On the other hand there’s no guarantee that the iso-likelihood surface is completely enclosed by the ellipsoid, and if it isn’t, the calculated evidence will be biased. The enlarge parameter (default 1.2) enlarges the ellipsoid by some factor (default 1.2), in the hopes that the enlarged ellipsoid completely encloses the surface. In practice this works pretty well for up to tens of parameters. For larger numbers of parameters, it is probably better to use the 'classic' method with a large number of steps.

So how many dimensions can my problem have?

Very roughly, the answer is “tens” and not “hundreds”. However I haven’t done any exhaustive studies of bias in high dimensions.

How many active points should I use?

It depends. The number of points primarily affects the numerical accuracy of the results, but there are a couple other considerations. For the ellipsoid-based methods, ndim + 1 is the absolute minimum number of points necessary to characterize an ellipsoid but this will give quite poor estimates. A warning is raised if the number of points is less than 2 * ndim. Ideally you will have at least several times more than this. For problems with just a few parameters (<=5), I get good enough results with just 100 points. If the posterior is likely to be multi-modal and you’re using the 'multi' method, you will want additional points in order to characterize each mode well.

What are the differences between the ‘multi’ method and MultiNest?

First, the multi-ellipsoid method in Nestle is based on the algorithm described in Feroz, Hobson & Bridges (2009), so it doesn’t yet include any later algorithmic improvements in the MultiNest software. Second, there are subtle but important differences in the part of the algorithm that decides when to split an ellipsoid into multiple ellipsoids. I found that implementing the algorithm precisely as described gave biased results in higher dimensions due to the ellipsoids being split too aggressively into a large number of very small ellipsoids that no longer enclose the full iso-likelihood surface. Therefore, the implementation in Nestle is more conservative about splitting ellipsoids. This results in a slightly lower efficiency but greater robustness.

Sampling is taking a long time. What should I do?

First, you can check the progress by passing the parameter callback=nestle.print_progress to see how sampling is progressing.

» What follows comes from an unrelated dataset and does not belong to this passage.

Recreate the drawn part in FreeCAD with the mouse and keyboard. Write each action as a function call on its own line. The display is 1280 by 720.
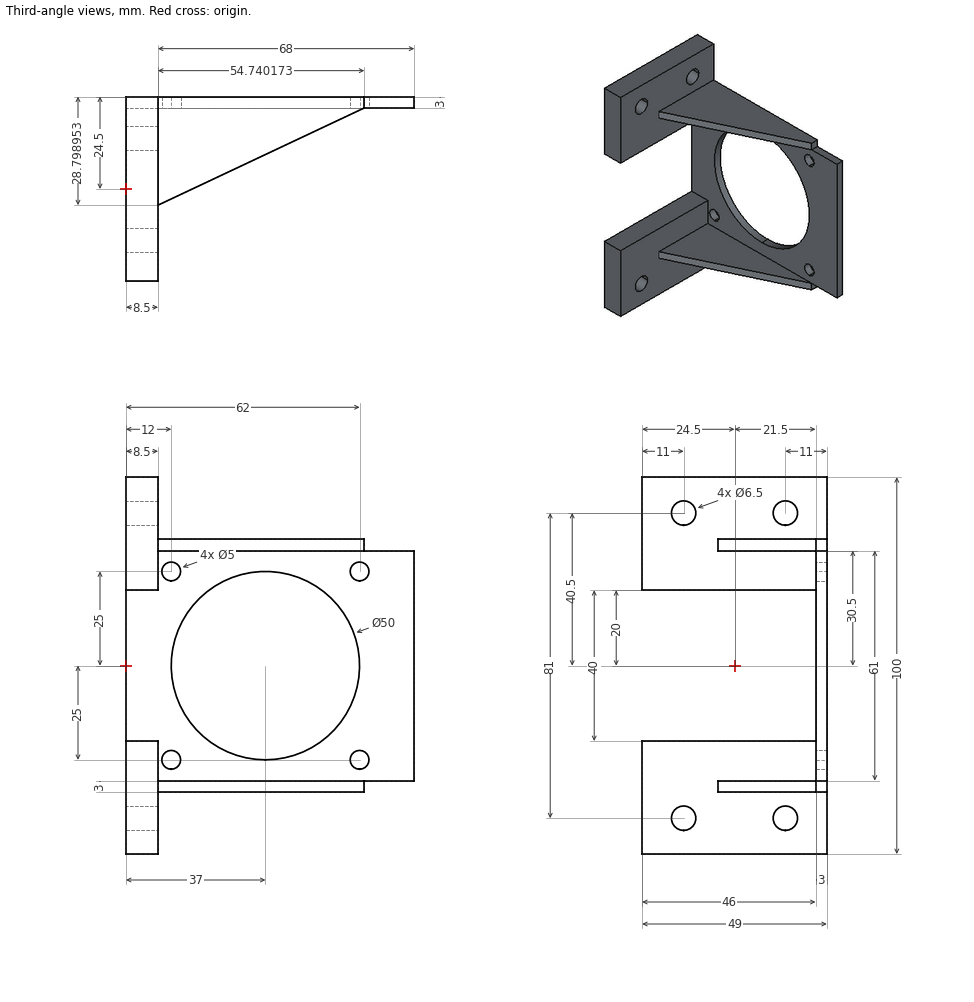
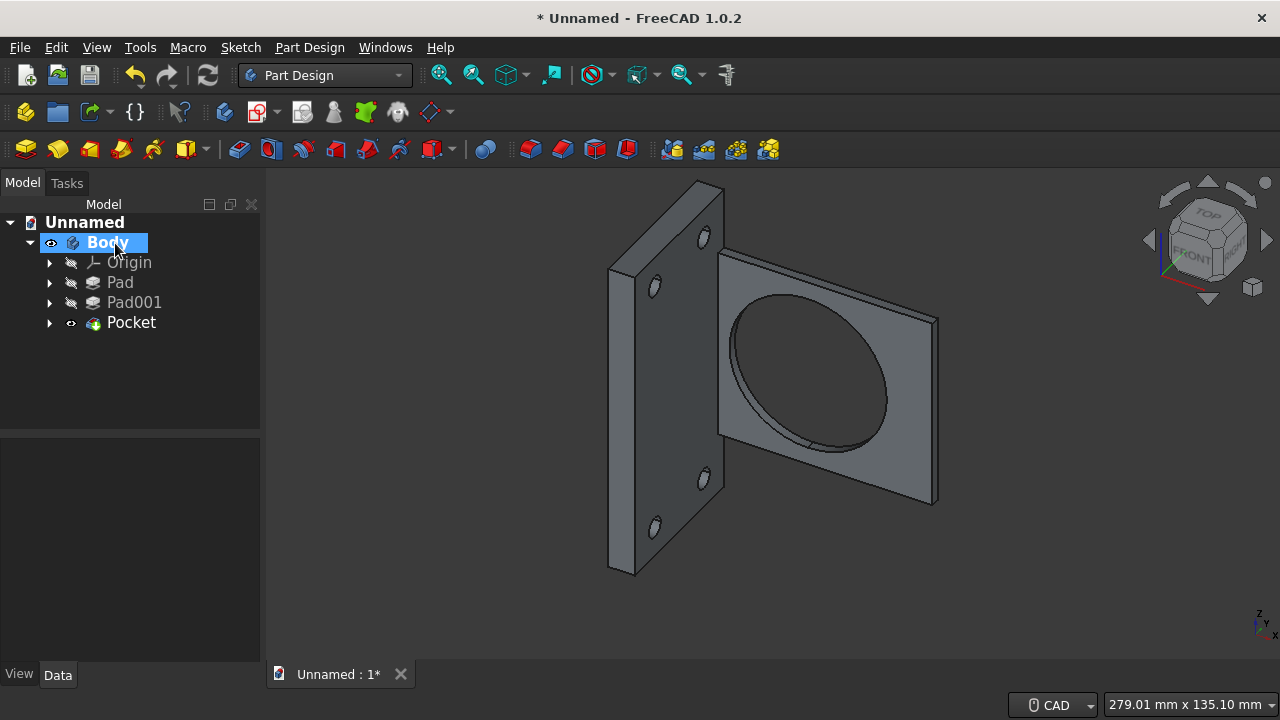
click(887, 450)
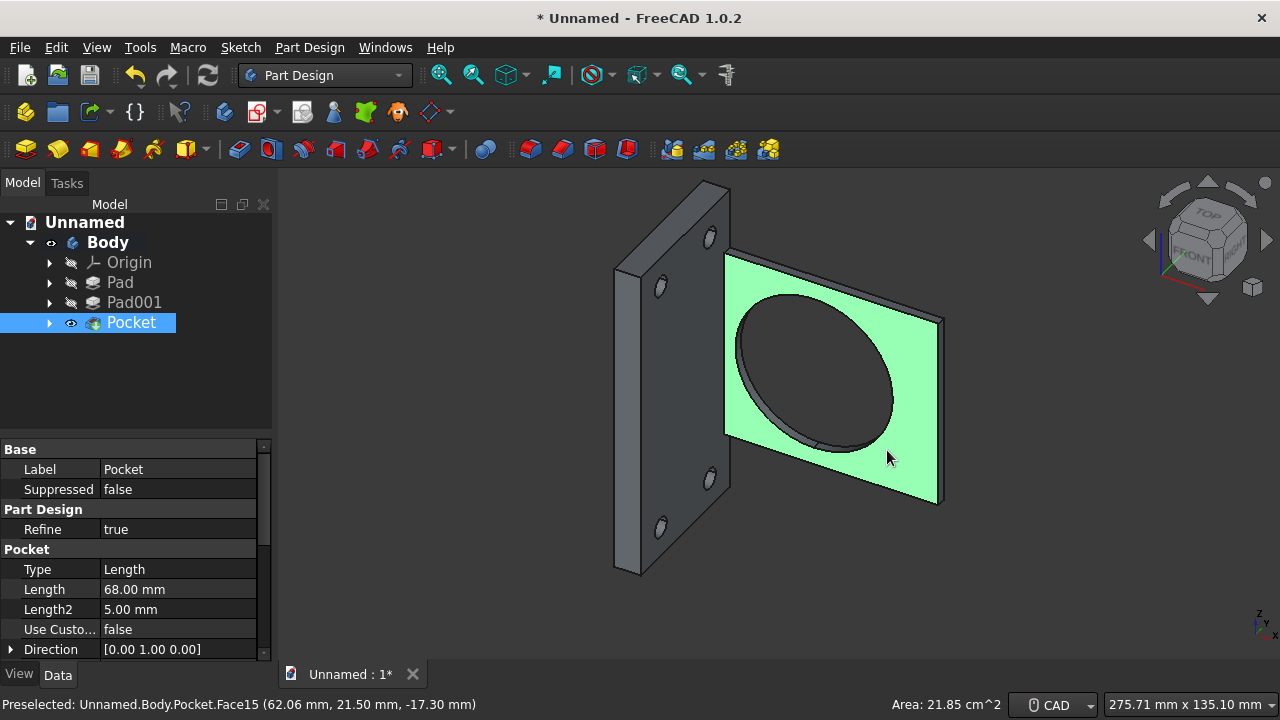
click(258, 112)
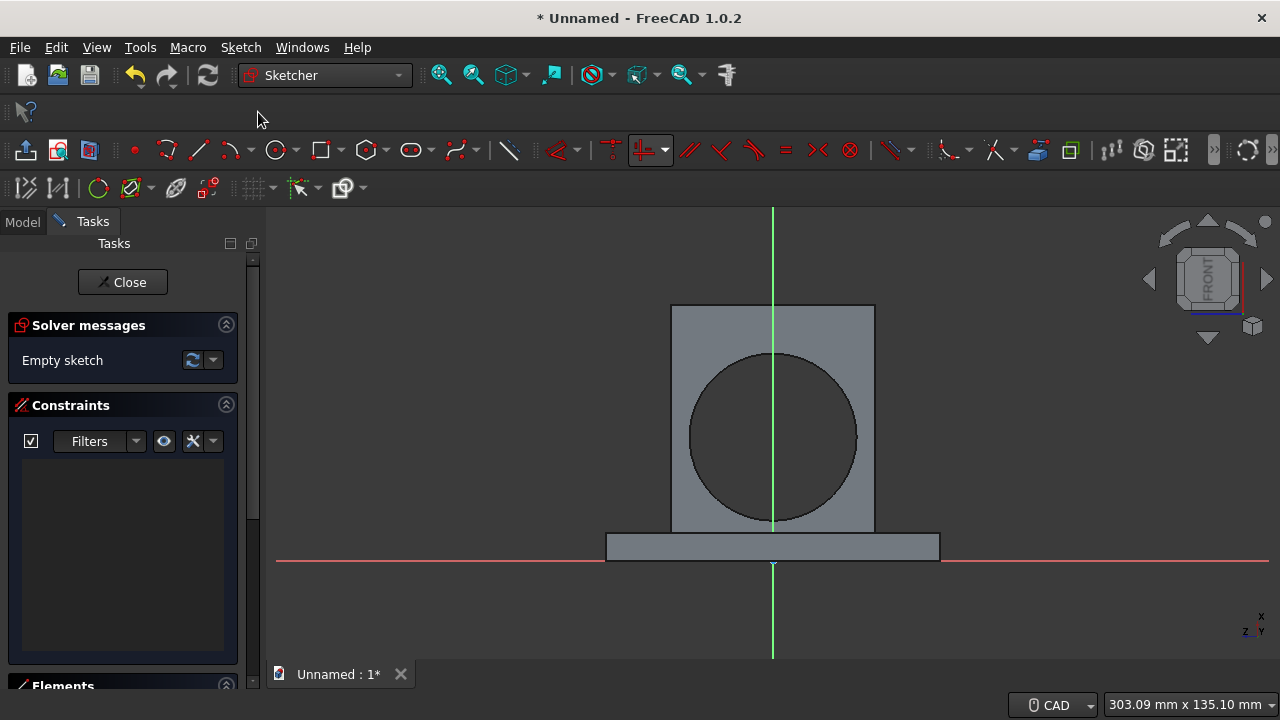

If you see the progress in iterations slowing down as sampling progresses, your likelihood may be multimodal. The default method is the single ellipsoid method ('single'). When the likelihood is multimodal a single ellipsoid encompassing all active points will include the “valleys” in the posterior, and sampling from the single ellipsoid will therefore be inefficient for selecting points higher than the likelihood constraint. In this case try method='multi'.

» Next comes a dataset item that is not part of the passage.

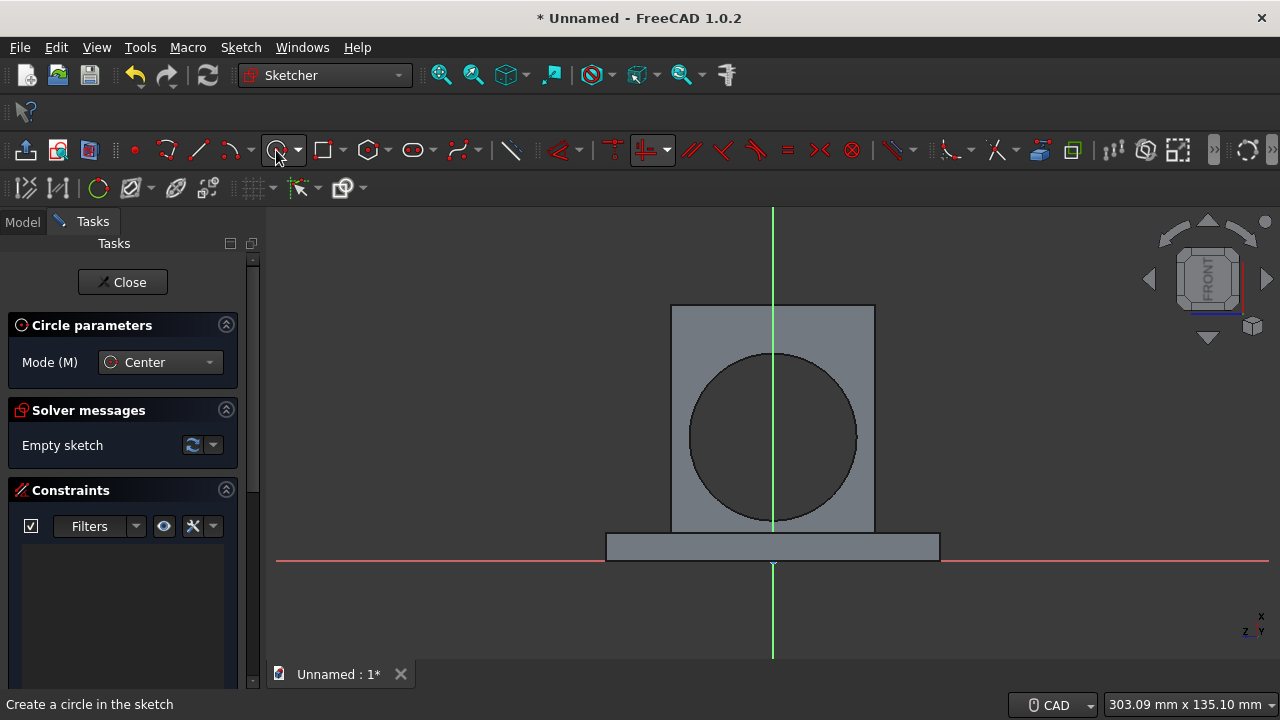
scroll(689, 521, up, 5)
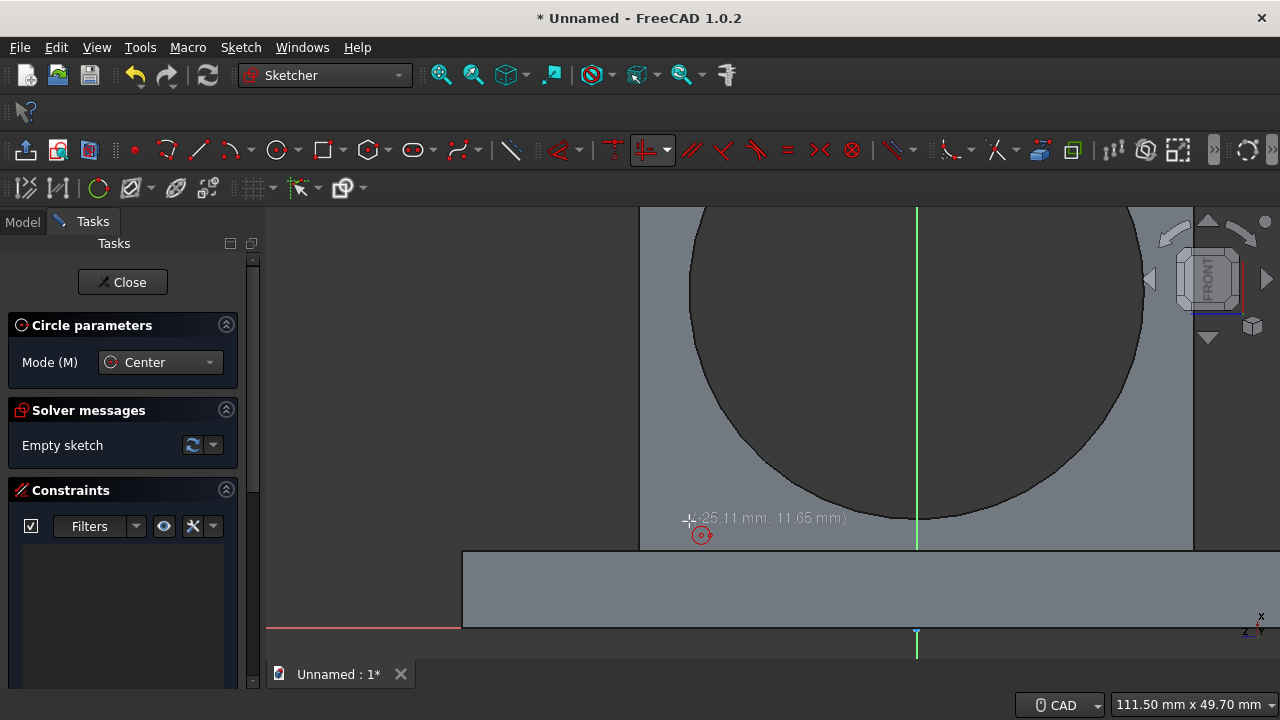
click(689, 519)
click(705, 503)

If sampling seems to be progressing efficiently, it might be the case that the high likelihood regions of the parameter space are very small compared to the prior volume. Nested sampling starts by uniformly sampling the entire prior volume. Then, on each iteration the volume sampled by the active points shrinks by a constant factor. Thus, the number of iterations necessary increases as the high-likelihood region becomes smaller relative to the prior volume. It is important to consider whether your priors are well-motivated and whether they might be overly conservatively wide. (Note that an overly conservative prior will also decrease the evidence!)

References¶

Feroz, Hobson & Bridges 2009. MultiNest: an efficient and robust Bayesian inference tool for cosmology and particle physics. MNRAS, 398, 1601.

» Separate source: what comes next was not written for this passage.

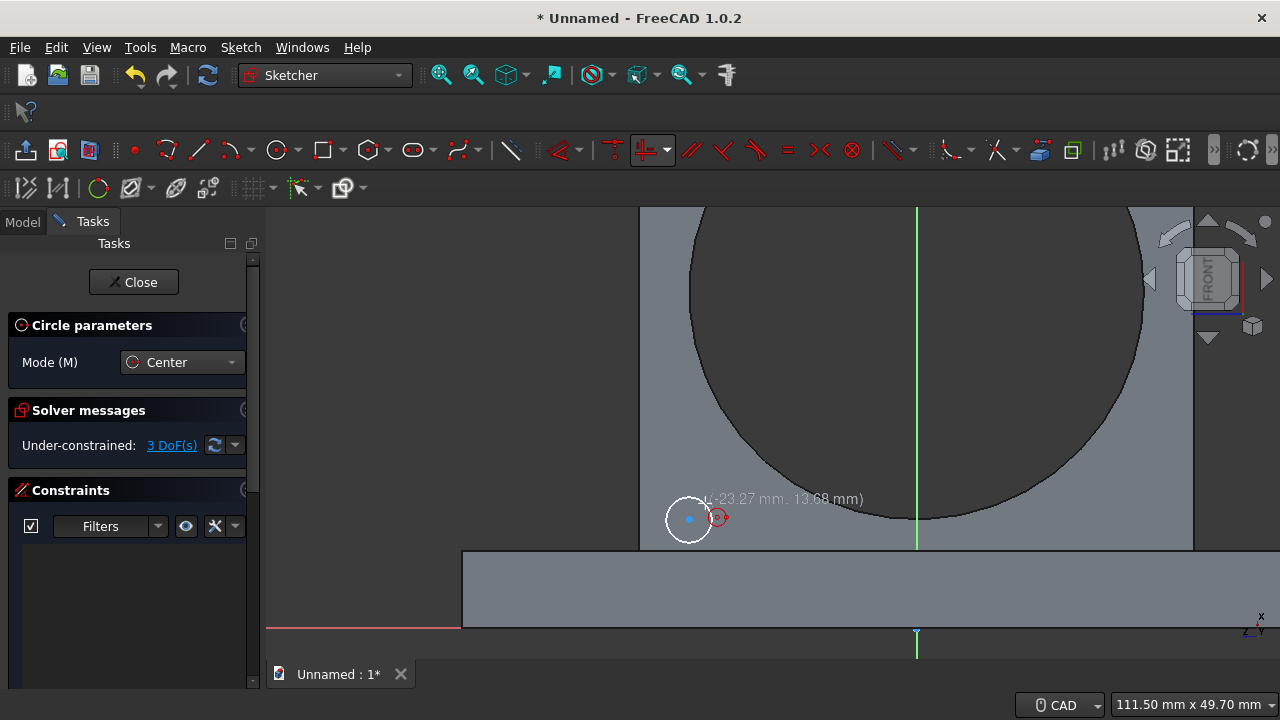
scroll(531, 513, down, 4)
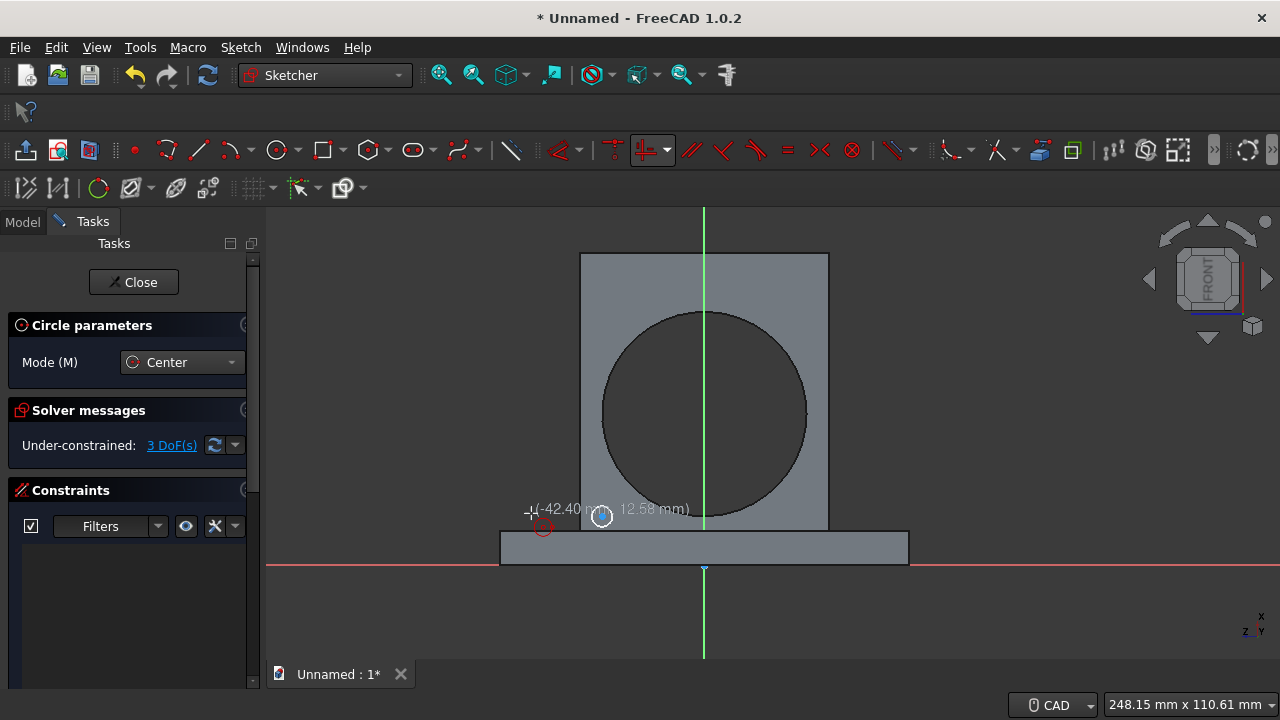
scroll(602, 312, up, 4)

Mukherjee, Parkinson & Liddle 2006. A Nested sampling algorithm for cosmological model selection. ApJ, 638, L51.

Shaw, Bridges & Hobson 2007. Efficient Bayesian inference for multimodal problems in cosmology. MNRAS, 378, 1365.

Silvia & Skilling 2006. Data Analysis: A Bayesian Tutorial, 2nd Edition. Oxford University Press.

Skilling, J. 2004. Nested Sampling. In Maximum entropy and Bayesian methods in science and engineering (ed. G. Erickson, J.T. Rychert, C.R. Smith). AIP Conf. Proc., 735, 395.

Citation¶

If you use Nestle in your work, please cite the github repository and the relevant references listed above.